Stabellini N, Cerretani D, Russo G, Rizzioli E, Gilli P
Divisione di Nefrologia, Arcispedale S. Anna, Ferrara, Italy.
G Ital Nefrol. 2002 Jan-Feb;19(1):18-21.
Even though many organs may be involved and clinical manifestations are extremely variable, a sudden worsening of renal function after vascular surgery or invasive angiographic manoeuvres is a clue for the diagnosis of renal cholesterol crystal embolization. In rare cases the disease may also occur spontaneously during anticoagulant or thrombolytic therapy. Renal atheroembolism is becoming increasingly recognized as an important cause of renal failure particularly in elderly men, and is often associated with a bad outcome. To date there is no specific and proven useful treatment apart from a few anecdotal reports on the benefits of corticosteroids.
We report a group of seven patients with cholesterol atheroembolic disease presenting acute renal failure; in six patients the disease appeared after coronary arteriography and PTCA performed in the last four months, and in one patient in an apparently spontaneous form. All the patients presented cutaneous lesions, livedo reticularis, purpuric rush, necrosis of the toes; laboratory data showed an increase of acute phase proteins and eosinophilia.

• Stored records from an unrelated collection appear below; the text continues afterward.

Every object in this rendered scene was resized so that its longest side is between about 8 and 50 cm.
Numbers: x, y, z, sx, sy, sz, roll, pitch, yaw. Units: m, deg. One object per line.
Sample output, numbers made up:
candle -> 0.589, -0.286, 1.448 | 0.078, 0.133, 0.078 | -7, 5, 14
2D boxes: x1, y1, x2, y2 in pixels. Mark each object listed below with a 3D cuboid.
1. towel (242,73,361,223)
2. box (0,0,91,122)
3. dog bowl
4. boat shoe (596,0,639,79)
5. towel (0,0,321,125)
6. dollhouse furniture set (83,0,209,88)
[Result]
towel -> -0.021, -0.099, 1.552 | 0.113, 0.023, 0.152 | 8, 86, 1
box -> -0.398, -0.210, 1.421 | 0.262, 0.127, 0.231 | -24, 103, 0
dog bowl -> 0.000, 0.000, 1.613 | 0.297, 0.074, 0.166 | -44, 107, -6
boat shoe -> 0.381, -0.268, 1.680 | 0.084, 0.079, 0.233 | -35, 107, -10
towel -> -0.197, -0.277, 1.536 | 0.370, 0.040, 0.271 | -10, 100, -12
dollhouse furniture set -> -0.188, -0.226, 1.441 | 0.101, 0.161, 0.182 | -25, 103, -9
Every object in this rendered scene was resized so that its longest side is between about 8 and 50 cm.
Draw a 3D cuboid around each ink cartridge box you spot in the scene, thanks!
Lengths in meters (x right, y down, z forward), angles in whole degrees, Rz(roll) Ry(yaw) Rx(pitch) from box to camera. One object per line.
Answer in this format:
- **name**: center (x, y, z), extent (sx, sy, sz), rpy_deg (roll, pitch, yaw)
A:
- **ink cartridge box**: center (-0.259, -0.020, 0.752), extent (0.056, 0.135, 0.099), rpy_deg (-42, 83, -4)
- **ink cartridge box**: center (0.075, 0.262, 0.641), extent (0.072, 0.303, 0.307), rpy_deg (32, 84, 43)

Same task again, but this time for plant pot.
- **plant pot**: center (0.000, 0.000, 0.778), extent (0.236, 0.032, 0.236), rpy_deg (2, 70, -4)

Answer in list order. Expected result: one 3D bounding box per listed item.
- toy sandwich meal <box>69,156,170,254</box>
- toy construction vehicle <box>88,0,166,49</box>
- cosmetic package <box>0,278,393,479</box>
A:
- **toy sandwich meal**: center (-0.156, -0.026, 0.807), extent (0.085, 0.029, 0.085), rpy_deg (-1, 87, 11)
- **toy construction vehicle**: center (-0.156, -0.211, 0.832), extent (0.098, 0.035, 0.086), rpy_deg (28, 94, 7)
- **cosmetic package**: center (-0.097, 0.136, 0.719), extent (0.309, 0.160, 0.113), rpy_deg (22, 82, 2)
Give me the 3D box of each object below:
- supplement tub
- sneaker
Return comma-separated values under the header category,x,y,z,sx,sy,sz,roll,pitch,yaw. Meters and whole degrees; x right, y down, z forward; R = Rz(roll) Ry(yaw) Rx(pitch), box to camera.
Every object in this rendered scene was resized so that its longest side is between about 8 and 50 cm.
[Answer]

Results. Treatment with prednisolone was begun at a dose of 40 mg/day i.v. for four days; the dose was reduced to prednisone 0.4-0.5 mg/kg/day for 1 week, than gradually reduced further and stopped within a month. Following therapy renal function rapidly improved; clinical symptoms of malaise and abdominal discomfort subsided, with amelioration of skin lesions and cyanosis of toes.
Despite the small number of patients studied, our experience suggests that corticosteroid treatment is an effective therapeutic option in cholesterol renal atheroembolic disease, especially in the more severe cases of acute renal failure.
尽管许多器官可能受累且临床表现极为多样,但血管手术后或侵入性血管造影操作后肾功能突然恶化是诊断肾胆固醇结晶栓塞的线索。在罕见情况下,该疾病也可能在抗凝或溶栓治疗期间自发发生。肾动脉粥样硬化栓塞日益被认为是肾衰竭的重要原因,尤其在老年男性中,且常伴有不良预后。迄今为止,除了一些关于皮质类固醇益处的轶事报道外,尚无特异性且经证实有用的治疗方法。
我们报告一组7例患有胆固醇动脉粥样硬化栓塞疾病并出现急性肾衰竭的患者;6例患者在过去4个月内进行冠状动脉造影和经皮冠状动脉腔内血管成形术(PTCA)后发病,1例患者表现为明显的自发形式。所有患者均出现皮肤病变、网状青斑、紫癜疹、脚趾坏死;实验室数据显示急性期蛋白增加和嗜酸性粒细胞增多。结果。开始静脉注射泼尼松龙,剂量为40mg/天,持续4天;剂量减至泼尼松0.4 - 0.5mg/kg/天,持续1周,然后进一步逐渐减量并在1个月内停药。治疗后肾功能迅速改善;不适和腹部不适的临床症状消退,皮肤病变和脚趾发绀有所改善。
尽管研究的患者数量较少,但我们的经验表明,皮质类固醇治疗是胆固醇性肾动脉粥样硬化栓塞疾病的一种有效治疗选择,尤其是在急性肾衰竭较严重的病例中。